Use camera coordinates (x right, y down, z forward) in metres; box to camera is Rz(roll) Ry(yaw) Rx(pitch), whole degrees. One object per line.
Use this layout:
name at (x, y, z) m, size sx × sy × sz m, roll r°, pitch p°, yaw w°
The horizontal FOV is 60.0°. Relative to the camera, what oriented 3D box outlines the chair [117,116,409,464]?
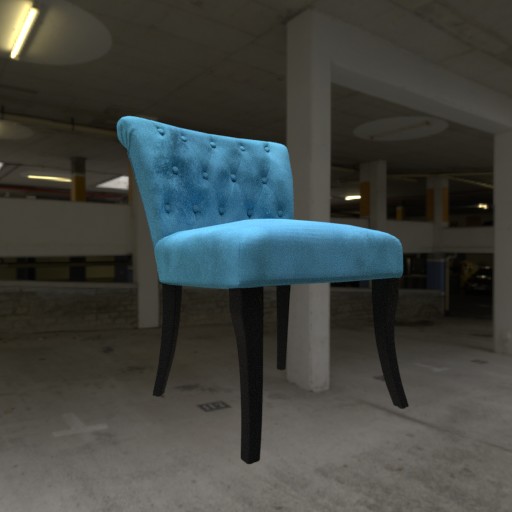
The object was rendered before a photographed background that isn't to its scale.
chair at (0.000, 0.000, 1.180) m, size 0.582 × 0.750 × 0.605 m, roll -1°, pitch 1°, yaw -37°
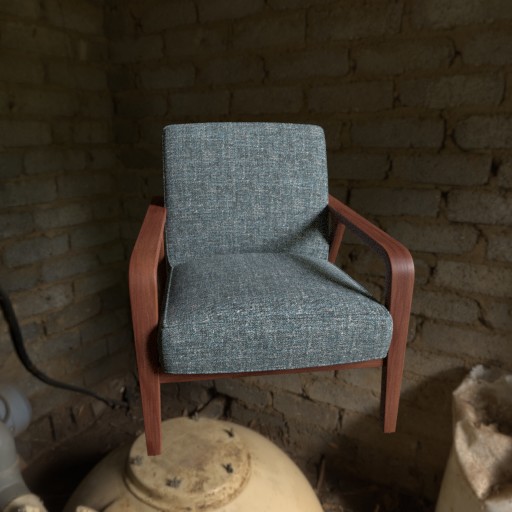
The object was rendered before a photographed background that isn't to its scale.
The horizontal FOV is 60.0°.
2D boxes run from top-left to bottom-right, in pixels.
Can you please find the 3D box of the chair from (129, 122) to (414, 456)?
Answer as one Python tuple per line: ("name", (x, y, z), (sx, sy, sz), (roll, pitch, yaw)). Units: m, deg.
("chair", (0.000, 0.000, 1.475), (0.719, 0.864, 0.889), (-2, 16, -8))
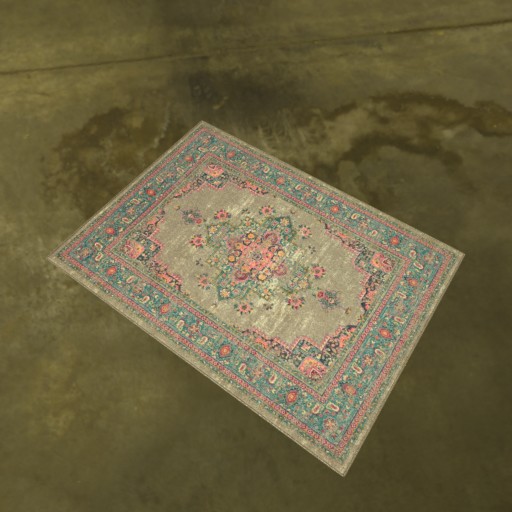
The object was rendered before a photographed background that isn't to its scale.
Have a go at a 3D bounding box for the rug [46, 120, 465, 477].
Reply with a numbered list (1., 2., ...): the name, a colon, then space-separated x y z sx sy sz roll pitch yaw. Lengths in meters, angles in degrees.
1. rug: 0.000 0.000 2.882 2.214 0.013 1.609 31 63 18
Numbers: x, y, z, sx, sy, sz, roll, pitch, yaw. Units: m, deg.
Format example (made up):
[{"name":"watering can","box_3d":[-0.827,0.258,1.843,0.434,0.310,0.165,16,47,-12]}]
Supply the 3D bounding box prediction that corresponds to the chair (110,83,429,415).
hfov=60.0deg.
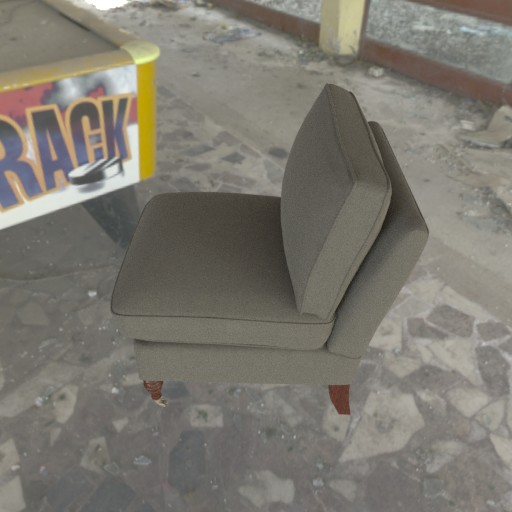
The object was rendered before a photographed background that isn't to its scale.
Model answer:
[{"name":"chair","box_3d":[0.000,0.000,1.647,0.924,1.045,0.724,1,40,1]}]
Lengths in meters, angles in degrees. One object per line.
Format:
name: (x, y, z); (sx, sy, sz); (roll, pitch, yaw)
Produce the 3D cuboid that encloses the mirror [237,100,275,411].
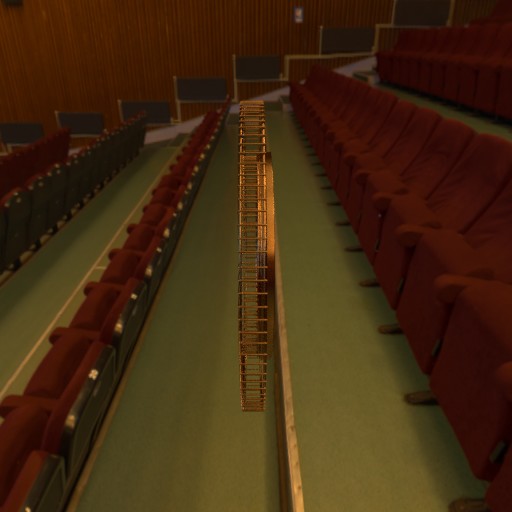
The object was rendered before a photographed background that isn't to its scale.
------------
Aim of the task: Copy out each line of the entries that holds "bounding".

Task answer:
Have a go at a 3D bounding box for the rug [46, 120, 465, 477].
Supply the 3D bounding box prediction that corresponds to the chair (110,83,429,415).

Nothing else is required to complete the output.